ZEEBE_ADVERTISED_HOST doesn't work

IcyEagle commented 4 years ago

Hi there!

I'm deploying a Zeebe cluster in k8s with 3 nodes. We use Istio (have Envoy installed within a pod), that's why the advertised host feature is required to make it work.

Here is my zeebe.cfg.toml:

   # For more information about this configuration visit:
    [threads]
    cpuThreadCount = 1

    [network]
    host = "0.0.0.0"

    [gateway.monitoring]
    enabled = true

    [...exporters configuration omitted...]

My startup.sh script

    #!/bin/bash -xeu

    configFile=/usr/local/zeebe/conf/zeebe.cfg.toml
    export ZEEBE_NODE_ID="${HOSTNAME##*-}"
    export ZEEBE_ADVERTISED_HOST=$(hostname -f)

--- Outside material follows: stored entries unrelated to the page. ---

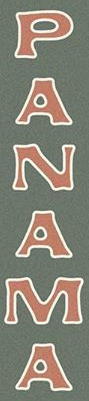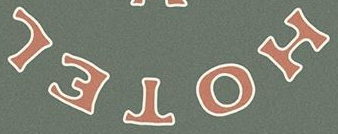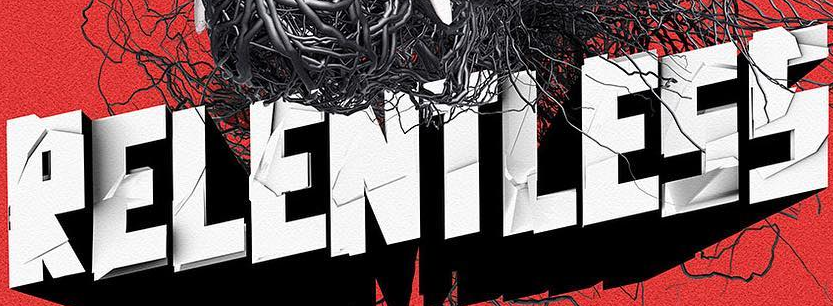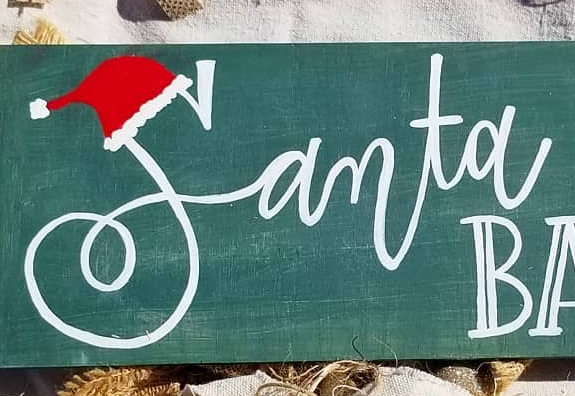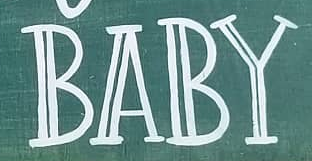Transcribe the words shown in these images in order, separated by a semicolon. PANAMA; HOTEL; RELENTLESS; Samta; BABY 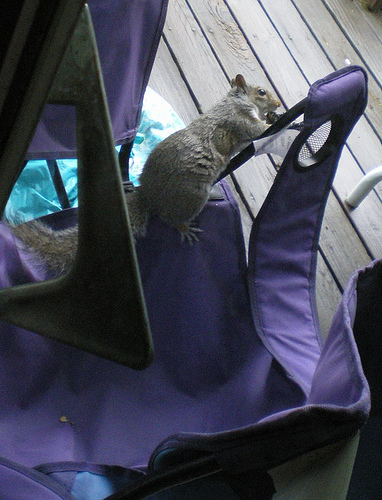<image>
Can you confirm if the squirrel is to the left of the chair? No. The squirrel is not to the left of the chair. From this viewpoint, they have a different horizontal relationship. 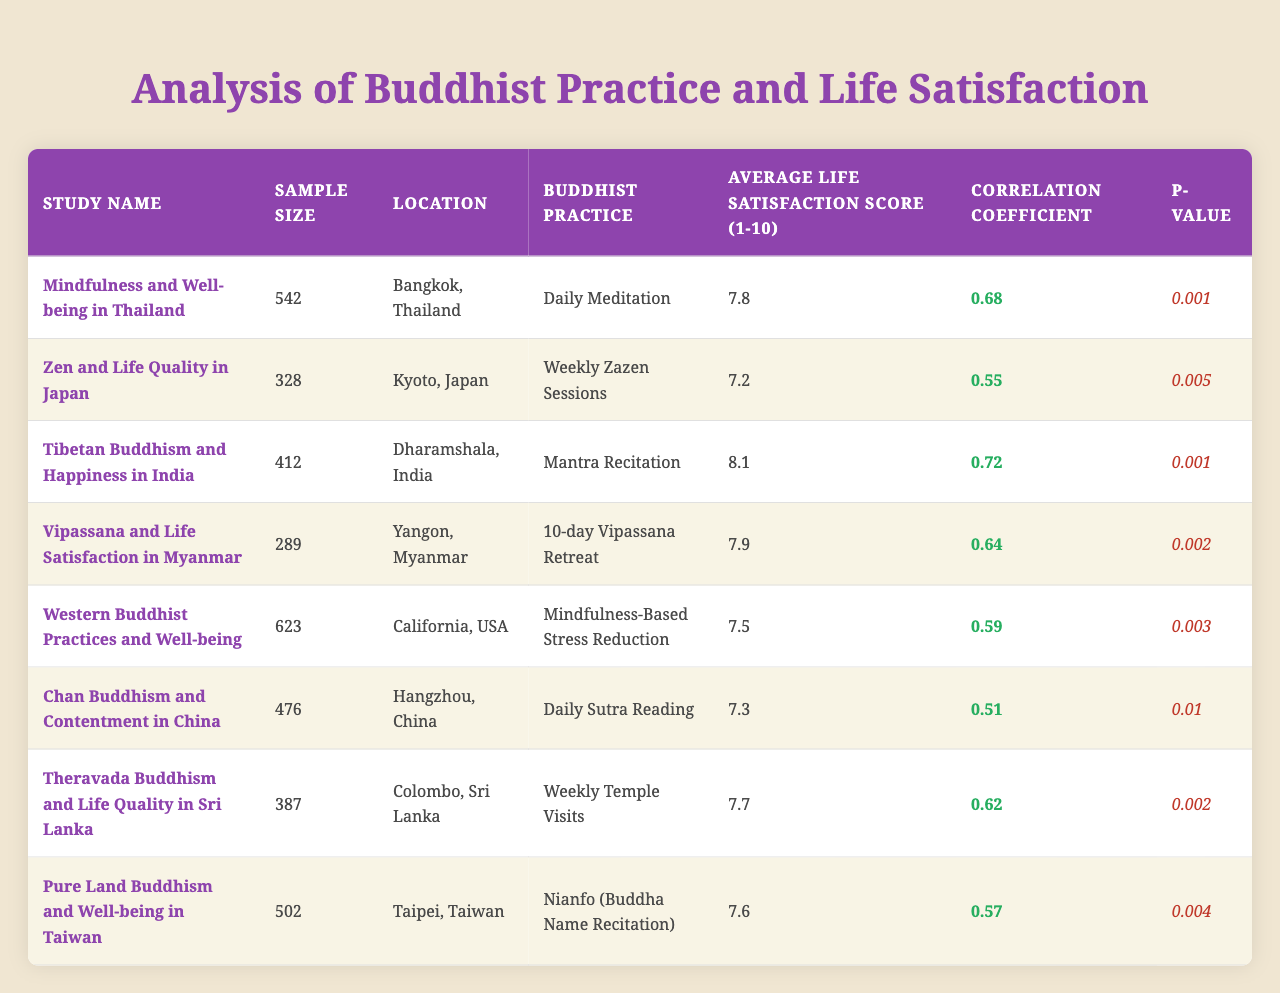What is the highest average life satisfaction score in the table? Looking through the "Average Life Satisfaction Score" column, the maximum score is 8.1 from the study titled "Tibetan Buddhism and Happiness in India."
Answer: 8.1 Which study reports the lowest correlation coefficient? By examining the "Correlation Coefficient" column, the lowest value is 0.51, which corresponds to the study "Chan Buddhism and Contentment in China."
Answer: 0.51 How many studies have a p-value less than 0.005? The p-values less than 0.005 can be identified by examining the "p-value" column. The studies with p-values 0.001 & 0.002 can be counted. There are four such studies: "Mindfulness and Well-being in Thailand," "Tibetan Buddhism and Happiness in India," "Vipassana and Life Satisfaction in Myanmar," and "Theravada Buddhism and Life Quality in Sri Lanka."
Answer: 4 Which types of Buddhist practices are included in the studies from locations of Thailand and Sri Lanka? The studies from Thailand and Sri Lanka are listed as "Daily Meditation" for Thailand and "Weekly Temple Visits" for Sri Lanka under the "Buddhist Practice" column.
Answer: Daily Meditation and Weekly Temple Visits What is the average life satisfaction score for studies with a correlation coefficient greater than 0.6? The studies with a correlation coefficient greater than 0.6 are "Mindfulness and Well-being in Thailand" (7.8), "Tibetan Buddhism and Happiness in India" (8.1), "Vipassana and Life Satisfaction in Myanmar" (7.9), and "Theravada Buddhism and Life Quality in Sri Lanka" (7.7). Summing the scores gives 31.5, and dividing by 4 gives an average of 31.5 / 4 = 7.875.
Answer: 7.875 Is the correlation coefficient for "Western Buddhist Practices and Well-being" above 0.5? The correlation coefficient for this study is 0.59, which is indeed above 0.5.
Answer: Yes What relationship can be drawn between meditation practices and reported life satisfaction scores based on the data? The studies indicating daily or intensive meditation practices such as "Daily Meditation" and "10-day Vipassana Retreat" show higher life satisfaction scores (7.8 and 7.9, respectively) compared to less frequent practices (e.g., "Weekly Zazen Sessions" at 7.2), suggesting that more frequent meditation could be correlated with higher life satisfaction.
Answer: Higher frequency may correlate with higher life satisfaction 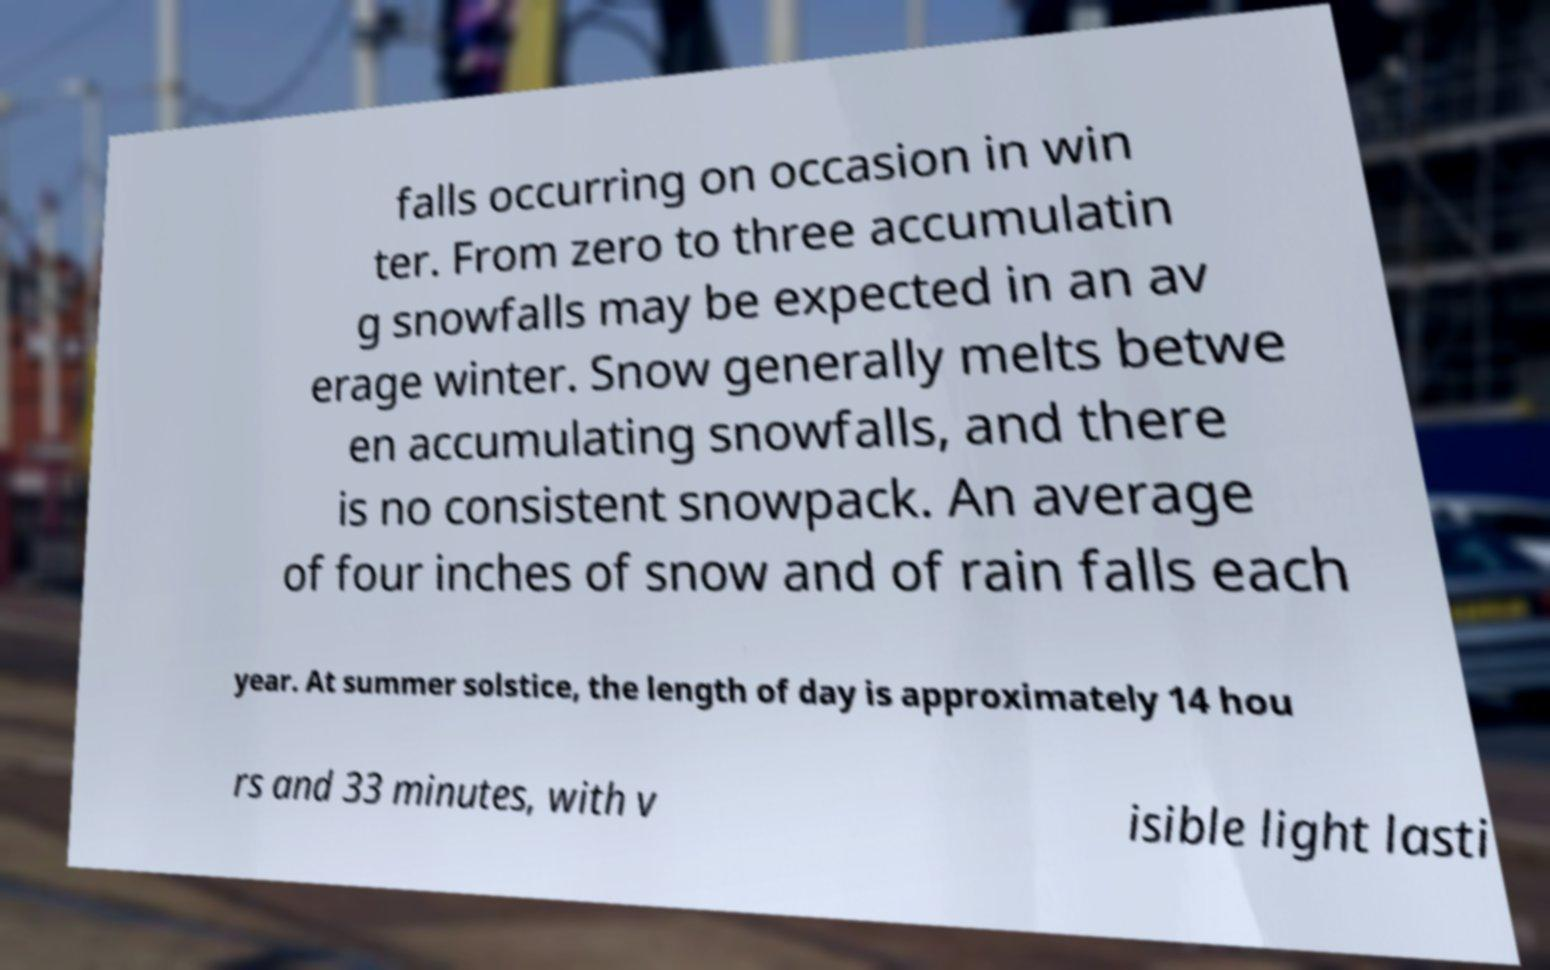For documentation purposes, I need the text within this image transcribed. Could you provide that? falls occurring on occasion in win ter. From zero to three accumulatin g snowfalls may be expected in an av erage winter. Snow generally melts betwe en accumulating snowfalls, and there is no consistent snowpack. An average of four inches of snow and of rain falls each year. At summer solstice, the length of day is approximately 14 hou rs and 33 minutes, with v isible light lasti 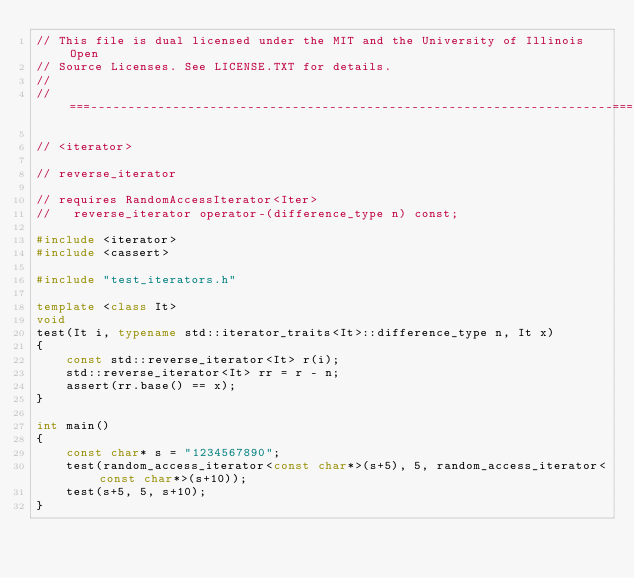Convert code to text. <code><loc_0><loc_0><loc_500><loc_500><_C++_>// This file is dual licensed under the MIT and the University of Illinois Open
// Source Licenses. See LICENSE.TXT for details.
//
//===----------------------------------------------------------------------===//

// <iterator>

// reverse_iterator

// requires RandomAccessIterator<Iter>
//   reverse_iterator operator-(difference_type n) const;

#include <iterator>
#include <cassert>

#include "test_iterators.h"

template <class It>
void
test(It i, typename std::iterator_traits<It>::difference_type n, It x)
{
    const std::reverse_iterator<It> r(i);
    std::reverse_iterator<It> rr = r - n;
    assert(rr.base() == x);
}

int main()
{
    const char* s = "1234567890";
    test(random_access_iterator<const char*>(s+5), 5, random_access_iterator<const char*>(s+10));
    test(s+5, 5, s+10);
}
</code> 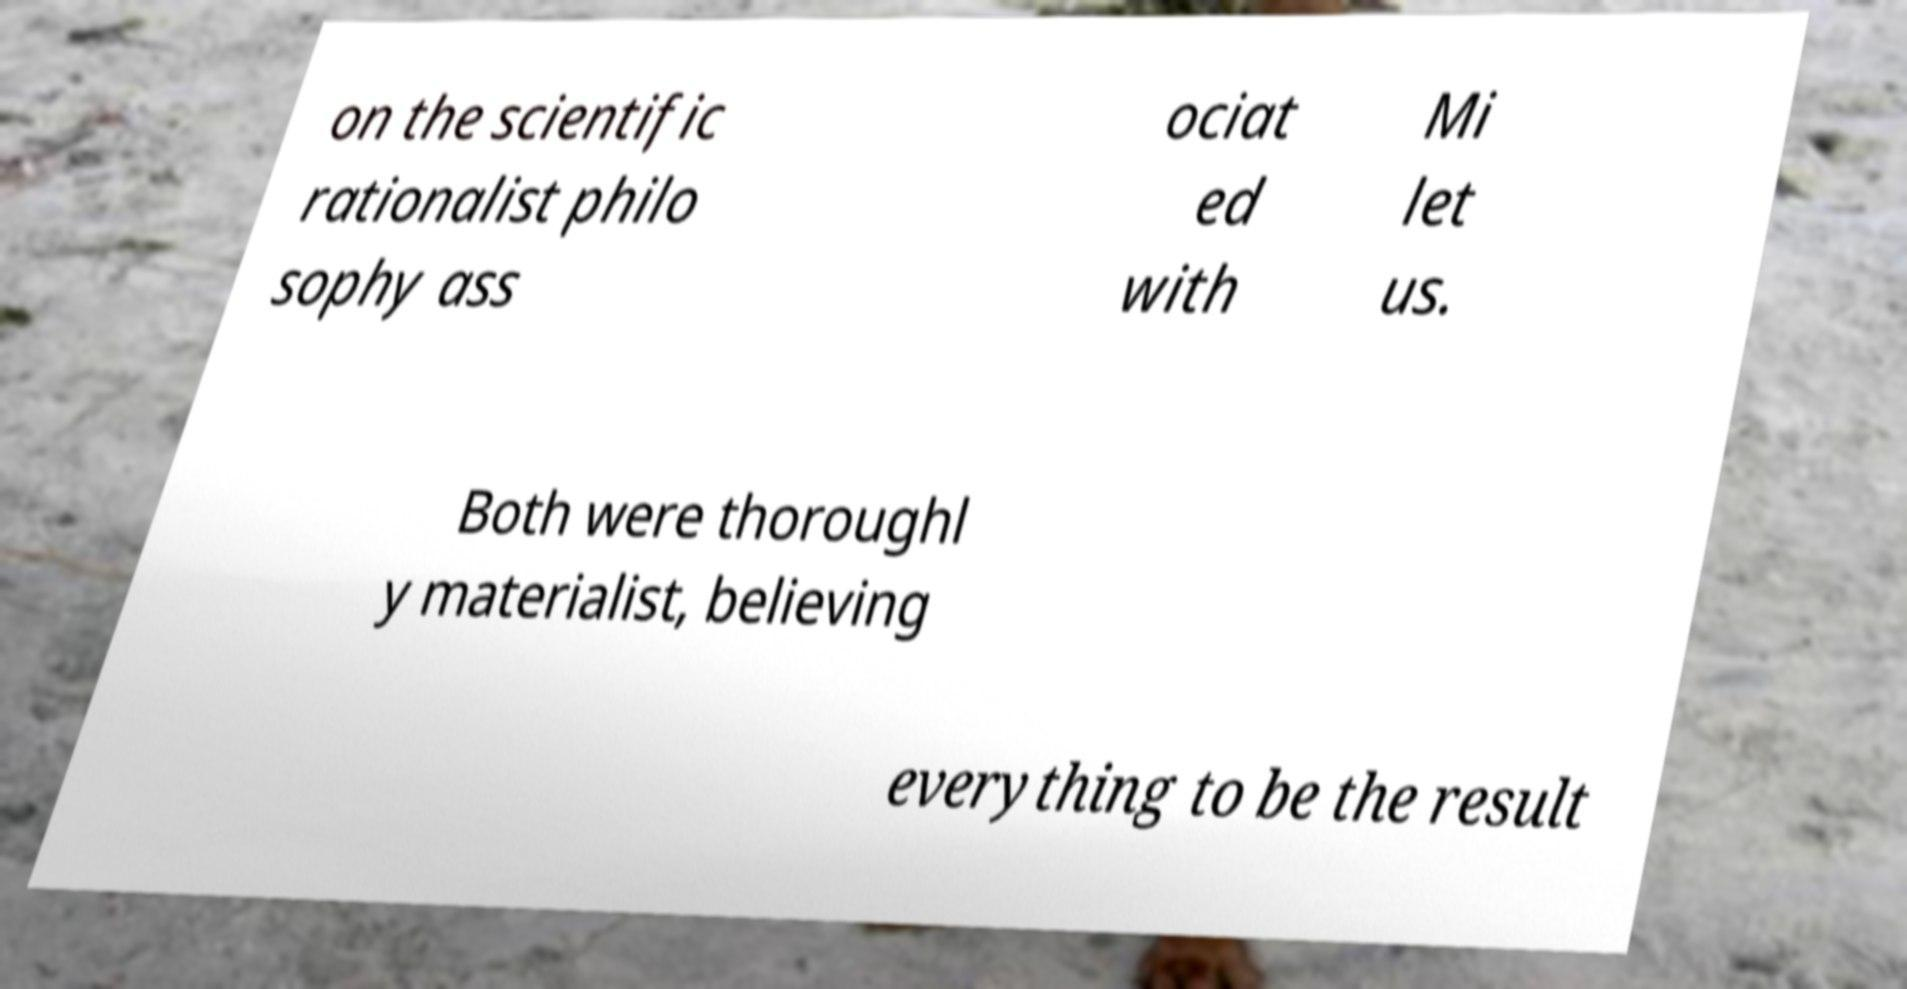Can you accurately transcribe the text from the provided image for me? on the scientific rationalist philo sophy ass ociat ed with Mi let us. Both were thoroughl y materialist, believing everything to be the result

    # We need to specify all brokers as contact points for partition healing to work correctly
    # https://github.com/zeebe-io/zeebe/issues/2684
    ZEEBE_CONTACT_POINTS=${HOSTNAME::-1}0.$(hostname -d):26502
    for (( i=1; i<$ZEEBE_CLUSTER_SIZE; i++ ))
    do
        ZEEBE_CONTACT_POINTS="${ZEEBE_CONTACT_POINTS},${HOSTNAME::-1}$i.$(hostname -d):26502"
    done
    export ZEEBE_CONTACT_POINTS="${ZEEBE_CONTACT_POINTS}"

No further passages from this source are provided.